Japan rally
Liberal Democratic Party supporters hear Shinzo Abe speak from atop a campaign van in the Akihabara electronics store district in Tokyo on Saturday night, Dec. 15, 2012, on the last election campaign day ahead of Sunday's general election. The LDP won.  Reuters/Yuriko Nakao

The conservative Liberal Democratic Party of Shinzo Abe surged back to power in Japan's election Sunday just three years after a devastating defeat -- a right-wing victory that will usher in a government committed to a tough stance in a territorial row with China.

The LDP and its ally, the New Komeito Party, won a stable majority in the general election held Sunday, Japanese media reported.

A TV Asahi projection based on counted votes, reported by Reuters, gave the LDP at least 291 seats in parliament's 480-member lower house, and together with its small ally, the New Komeito party, a two-thirds majority needed to override, on most matters, the upper house, where no party has majority.

While LDP and New Komeito officials confirmed they would form a coalition, LDP Secretary-General Shigeru Ishiba did not rule out cooperation with the Japan Restoration Party, a new right-leaning party that was set to pick up at least 52 seats, Reuters reported.

"I think there is room to do this in the area of national defense," he said.

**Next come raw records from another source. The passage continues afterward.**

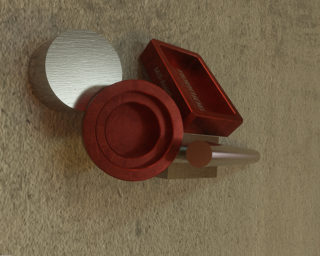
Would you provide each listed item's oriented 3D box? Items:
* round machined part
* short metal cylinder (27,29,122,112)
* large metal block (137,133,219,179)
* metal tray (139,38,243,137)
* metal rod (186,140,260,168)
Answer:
[{"bbox_3d":[-0.030,0.002,0.314,0.099,0.042,0.097,0,89,-20],"label":"round machined part"},{"bbox_3d":[-0.087,-0.056,0.318,0.081,0.050,0.079,0,90,-40],"label":"short metal cylinder"},{"bbox_3d":[0.014,0.032,0.384,0.081,0.080,0.050,6,87,-40],"label":"large metal block"},{"bbox_3d":[0.038,-0.050,0.387,0.091,0.030,0.130,6,47,-40],"label":"metal tray"},{"bbox_3d":[0.101,0.037,0.416,0.301,0.025,0.025,12,82,-64],"label":"metal rod"}]

The New Komeito is more moderate than the LDP on security issues.

The result has potentially far reaching implications for the world’s third-largest economy and its relations with China. It comes at a time when tensions between Japan and China over the disputed islands in the East China Sea -- known as Senkaku in Japan and Diaoyu in China -- have reached new heights.

On Thursday, Tokyo scrambled fighter jets and made a formal diplomatic protest after a Chinese maritime surveillance airplane was spotted in the territorial air space of the remote and uninhabited islands. The flight, which Tokyo’s Defense Ministry said was the first violation of Japan’s airspace by an official Chinese aircraft since at least 1958, came as China marked the 75th anniversary of the Nanjing massacre (or Rape of Nanking) -- one of the most notorious incidents in Japan’s 1937-45 invasion that is still a source of friction between Asia’s two leading powers.

In recent months, China has routinely sent surveillance ships into the territorial waters around the disputed islands, claiming the islands are part of its sovereign territory, having been wrongfully stolen by Japanese military expansions in the late 19th century. On Friday, China provided the United Nations with detailed claims to waters in the East China Sea.

Hours before the polls in Japan closed, Xinhua, China’s state-run news agency, was already warning about a nationalistic trend among Japan’s politicians that could worsen ties with neighbors, threatening economic relationships and regional stability.

“It is a troubling sign that some of the political parties vying for the 480 seats of Japan’s lower house of the parliament have pledged to take a tough stance on territorial disputes and boost military spending to woo rightist voters,” Xinhua said in a commentary published Sunday.

The commentary called on the incoming leadership to "devise its foreign policy with a long-term and pragmatic" view so Japan can "repair its strained ties with neighbors."

“Japan, which brought great harm and devastation to other Asian countries in the World War II, will raise further suspicions among its neighbors if the current political trend of turning right is not stopped in time,” the commentary warned. “It will be a wise move if the Japanese leaders reiterate the pacifist path adopted by the country after the Second World War and stay away from the notorious and highly controversial Yasukuni Shrine, which honored WWII war criminals among the war dead.”

Abe, 58, who quit as premier in 2007 citing ill health after a troubled year in office, has paid respects to Japan’s war dead -- including leading war criminals -- at the controversial Yasukuni Shrine, though he has not yet said whether he would visit as prime minister.

He a vocal advocate of the rewriting Japan’s postwar pacifistic constitution to allow it to emerge as a full regional military power.

"I have not changed my view from five years ago when I was prime minister that the biggest issue for Japan is truly 'escaping the post-war regime'," Abe wrote in a recent magazine article. "Haven't we put off problems without clarifying Japan's will to protect the lives and assets of its people and territory with its own hands, and merely accepted the benefits of economic prosperity?”

Japan’s pacifist constitution, written under American supervision in the aftermath of World War II, prohibits an act of war by the state. The military is officially called the "self-defense force."

Article 9 of the Japanese Constitution provides:

“Aspiring sincerely to an international peace based on justice and order, the Japanese people forever renounce war as a sovereign right of the nation and the threat or use of force as means of settling international disputes. (2) To accomplish the aim of the preceding paragraph, land, sea, and air forces, as well as other war potential, will never be maintained. The right of belligerency of the state will not be recognized.”

Implementation of Article 9 has resulted in Japan having a secondary role in military balance in the region. But despite its constitutional limitations, Japan’s defense budget is the sixth-largest in the world.